EXERCISE REQUIREMENTS: Look through the records, and wherever the string "horizontal" turns up, copy out that line.

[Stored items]
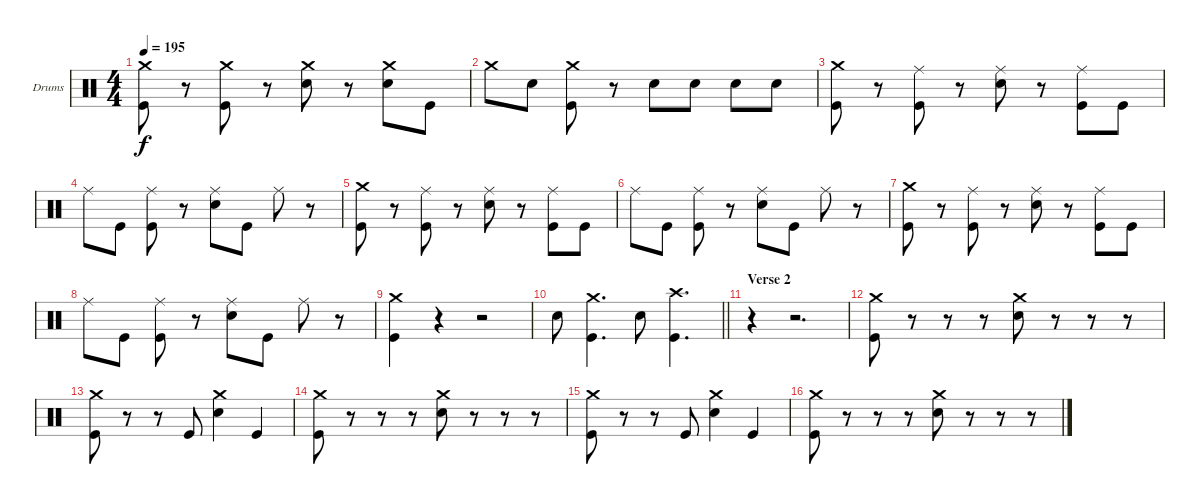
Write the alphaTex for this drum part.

\bracketExtendMode groupsimilarinstruments
\firstSystemTrackNameOrientation horizontal
\otherSystemsTrackNameOrientation horizontal
\track ("Drumkit" "Drums") {instrument percussion}
\staff {score}
\articulation defaults
\ts (4 4)
\tempo 195
\clef neutral
\ks c
("Crash medium (hit)" "Kick (hit)").8{dy f} r.8 ("Crash medium (hit)" "Kick (hit)").8 r.8 ("Crash medium (hit)" "Snare (hit) 2").8 r.8 ("Crash medium (hit)" "Snare (hit) 2").8 "Kick (hit)".8 |
"Crash medium (hit)".8 "Snare (hit) 2".8 ("Crash medium (hit)" "Kick (hit)").8 r.8 "Snare (hit) 2".8 "Snare (hit) 2".8 "Snare (hit) 2".8 "Snare (hit) 2".8 |
("Crash medium (hit)" "Kick (hit)").8 r.8 ("Ride (middle)" "Kick (hit)").8 r.8 ("Ride (middle)" "Snare (hit) 2").8 r.8 ("Ride (middle)" "Kick (hit)").8 "Kick (hit)".8 |
"Ride (middle)".8 "Kick (hit)".8 ("Ride (middle)" "Kick (hit)").8 r.8 ("Ride (middle)" "Snare (hit) 2").8 "Kick (hit)".8 "Ride (middle)".8 r.8 |
("Crash medium (hit)" "Kick (hit)").8 r.8 ("Ride (middle)" "Kick (hit)").8 r.8 ("Ride (middle)" "Snare (hit) 2").8 r.8 ("Ride (middle)" "Kick (hit)").8 "Kick (hit)".8 |
"Ride (middle)".8 "Kick (hit)".8 ("Ride (middle)" "Kick (hit)").8 r.8 ("Ride (middle)" "Snare (hit) 2").8 "Kick (hit)".8 "Ride (middle)".8 r.8 |
("Crash medium (hit)" "Kick (hit)").8 r.8 ("Ride (middle)" "Kick (hit)").8 r.8 ("Ride (middle)" "Snare (hit) 2").8 r.8 ("Ride (middle)" "Kick (hit)").8 "Kick (hit)".8 |
"Ride (middle)".8 "Kick (hit)".8 ("Ride (middle)" "Kick (hit)").8 r.8 ("Ride (middle)" "Snare (hit) 2").8 "Kick (hit)".8 "Ride (middle)".8 r.8 |
("Crash medium (hit)" "Kick (hit)").4 r.4 r.2 |
\barLineRight lightlight "Snare (hit) 2".8
("Crash medium (hit)" "Kick (hit)").4{d} "Snare (hit) 2".8 ("Crash high (hit)" "Kick (hit)").4{d} |
\section ("" "Verse 2")
r.4 r.2{d} |
("Crash medium (hit)" "Kick (hit)").8 r.8 r.8 r.8 ("Crash medium (hit)" "Snare (hit) 2").8 r.8 r.8 r.8 |
("Crash medium (hit)" "Kick (hit)").8 r.8 r.8 "Kick (hit)".8 ("Crash medium (hit)" "Snare (hit) 2").4 "Kick (hit)".4 |
("Crash medium (hit)" "Kick (hit)").8 r.8 r.8 r.8 ("Crash medium (hit)" "Snare (hit) 2").8 r.8 r.8 r.8 |
("Crash medium (hit)" "Kick (hit)").8 r.8 r.8 "Kick (hit)".8 ("Crash medium (hit)" "Snare (hit) 2").4 "Kick (hit)".4 |
("Crash medium (hit)" "Kick (hit)").8 r.8 r.8 r.8 ("Crash medium (hit)" "Snare (hit) 2").8 r.8 r.8 r.8
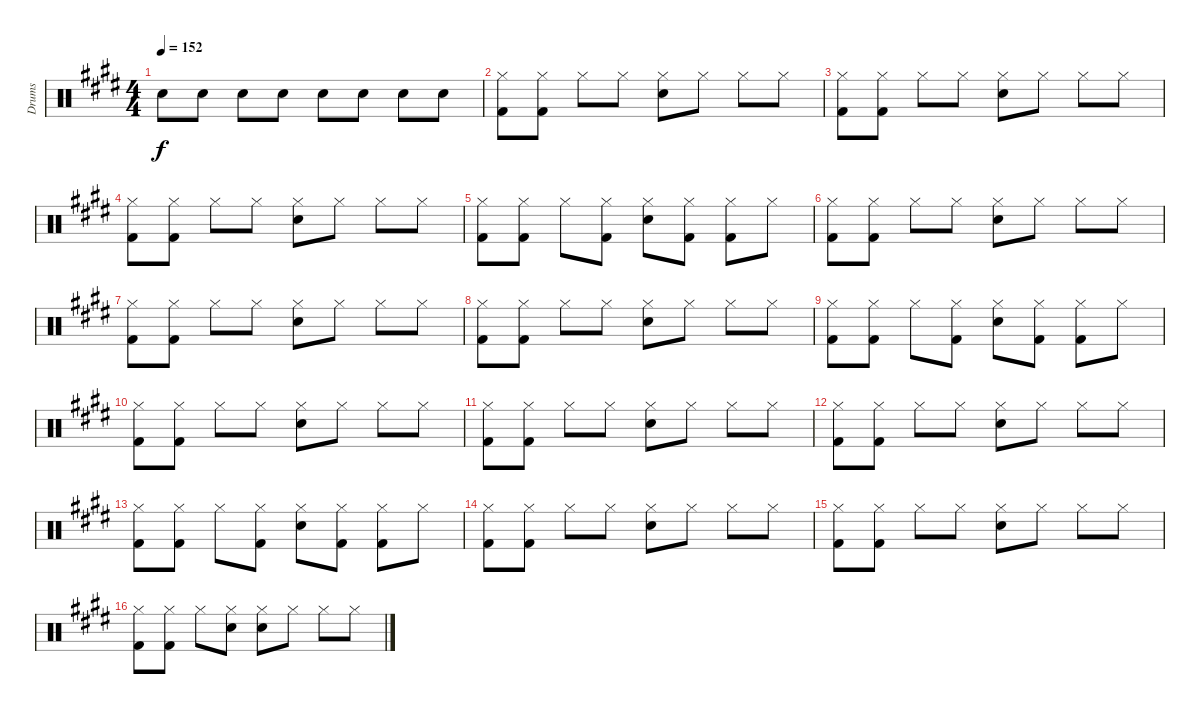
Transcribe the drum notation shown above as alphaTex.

\track ("Drums" "Drums") {instrument percussion}
\staff {score}
\articulation defaults
\ts (4 4)
\tempo 152
\clef neutral
\ks c#minor "Snare (hit) 2".8{dy f} "Snare (hit) 2".8 "Snare (hit) 2".8 "Snare (hit) 2".8 "Snare (hit) 2".8 "Snare (hit) 2".8 "Snare (hit) 2".8 "Snare (hit) 2".8
|
("Kick (hit) 2" "Hi-Hat (closed)").8 ("Hi-Hat (closed)" "Kick (hit) 2").8 "Hi-Hat (closed)".8 "Hi-Hat (closed)".8 ("Snare (hit) 2" "Hi-Hat (closed)").8 "Hi-Hat (closed)".8 "Hi-Hat (closed)".8 "Hi-Hat (closed)".8 |
("Kick (hit) 2" "Hi-Hat (closed)").8 ("Hi-Hat (closed)" "Kick (hit) 2").8 "Hi-Hat (closed)".8 "Hi-Hat (closed)".8 ("Snare (hit) 2" "Hi-Hat (closed)").8 "Hi-Hat (closed)".8 "Hi-Hat (closed)".8 "Hi-Hat (closed)".8 |
("Kick (hit) 2" "Hi-Hat (closed)").8 ("Hi-Hat (closed)" "Kick (hit) 2").8 "Hi-Hat (closed)".8 "Hi-Hat (closed)".8 ("Snare (hit) 2" "Hi-Hat (closed)").8 "Hi-Hat (closed)".8 "Hi-Hat (closed)".8 "Hi-Hat (closed)".8 |
("Kick (hit) 2" "Hi-Hat (closed)").8 ("Hi-Hat (closed)" "Kick (hit) 2").8 "Hi-Hat (closed)".8 ("Kick (hit) 2" "Hi-Hat (closed)").8 ("Snare (hit) 2" "Hi-Hat (closed)").8 ("Kick (hit) 2" "Hi-Hat (closed)").8 ("Kick (hit) 2" "Hi-Hat (closed)").8 "Hi-Hat (closed)".8 |
("Kick (hit) 2" "Hi-Hat (closed)").8 ("Hi-Hat (closed)" "Kick (hit) 2").8 "Hi-Hat (closed)".8 "Hi-Hat (closed)".8 ("Snare (hit) 2" "Hi-Hat (closed)").8 "Hi-Hat (closed)".8 "Hi-Hat (closed)".8 "Hi-Hat (closed)".8 |
("Kick (hit) 2" "Hi-Hat (closed)").8 ("Hi-Hat (closed)" "Kick (hit) 2").8 "Hi-Hat (closed)".8 "Hi-Hat (closed)".8 ("Snare (hit) 2" "Hi-Hat (closed)").8 "Hi-Hat (closed)".8 "Hi-Hat (closed)".8 "Hi-Hat (closed)".8 |
("Kick (hit) 2" "Hi-Hat (closed)").8 ("Hi-Hat (closed)" "Kick (hit) 2").8 "Hi-Hat (closed)".8 "Hi-Hat (closed)".8 ("Snare (hit) 2" "Hi-Hat (closed)").8 "Hi-Hat (closed)".8 "Hi-Hat (closed)".8 "Hi-Hat (closed)".8 |
("Kick (hit) 2" "Hi-Hat (closed)").8 ("Hi-Hat (closed)" "Kick (hit) 2").8 "Hi-Hat (closed)".8 ("Kick (hit) 2" "Hi-Hat (closed)").8 ("Snare (hit) 2" "Hi-Hat (closed)").8 ("Kick (hit) 2" "Hi-Hat (closed)").8 ("Kick (hit) 2" "Hi-Hat (closed)").8 "Hi-Hat (closed)".8 |
("Kick (hit) 2" "Hi-Hat (closed)").8 ("Hi-Hat (closed)" "Kick (hit) 2").8 "Hi-Hat (closed)".8 "Hi-Hat (closed)".8 ("Snare (hit) 2" "Hi-Hat (closed)").8 "Hi-Hat (closed)".8 "Hi-Hat (closed)".8 "Hi-Hat (closed)".8 |
("Kick (hit) 2" "Hi-Hat (closed)").8 ("Hi-Hat (closed)" "Kick (hit) 2").8 "Hi-Hat (closed)".8 "Hi-Hat (closed)".8 ("Snare (hit) 2" "Hi-Hat (closed)").8 "Hi-Hat (closed)".8 "Hi-Hat (closed)".8 "Hi-Hat (closed)".8 |
("Kick (hit) 2" "Hi-Hat (closed)").8 ("Hi-Hat (closed)" "Kick (hit) 2").8 "Hi-Hat (closed)".8 "Hi-Hat (closed)".8 ("Snare (hit) 2" "Hi-Hat (closed)").8 "Hi-Hat (closed)".8 "Hi-Hat (closed)".8 "Hi-Hat (closed)".8 |
("Kick (hit) 2" "Hi-Hat (closed)").8 ("Hi-Hat (closed)" "Kick (hit) 2").8 "Hi-Hat (closed)".8 ("Kick (hit) 2" "Hi-Hat (closed)").8 ("Snare (hit) 2" "Hi-Hat (closed)").8 ("Kick (hit) 2" "Hi-Hat (closed)").8 ("Kick (hit) 2" "Hi-Hat (closed)").8 "Hi-Hat (closed)".8 |
("Kick (hit) 2" "Hi-Hat (closed)").8 ("Hi-Hat (closed)" "Kick (hit) 2").8 "Hi-Hat (closed)".8 "Hi-Hat (closed)".8 ("Snare (hit) 2" "Hi-Hat (closed)").8 "Hi-Hat (closed)".8 "Hi-Hat (closed)".8 "Hi-Hat (closed)".8 |
("Kick (hit) 2" "Hi-Hat (closed)").8 ("Hi-Hat (closed)" "Kick (hit) 2").8 "Hi-Hat (closed)".8 "Hi-Hat (closed)".8 ("Snare (hit) 2" "Hi-Hat (closed)").8 "Hi-Hat (closed)".8 "Hi-Hat (closed)".8 "Hi-Hat (closed)".8 |
("Kick (hit) 2" "Hi-Hat (closed)").8 ("Hi-Hat (closed)" "Kick (hit) 2").8 "Hi-Hat (closed)".8 ("Snare (hit) 2" "Hi-Hat (closed)").8 ("Snare (hit) 2" "Hi-Hat (closed)").8 "Hi-Hat (closed)".8 "Hi-Hat (closed)".8 "Hi-Hat (closed)".8

WORKED SOLUTION:
\firstSystemTrackNameOrientation horizontal
\otherSystemsTrackNameOrientation horizontal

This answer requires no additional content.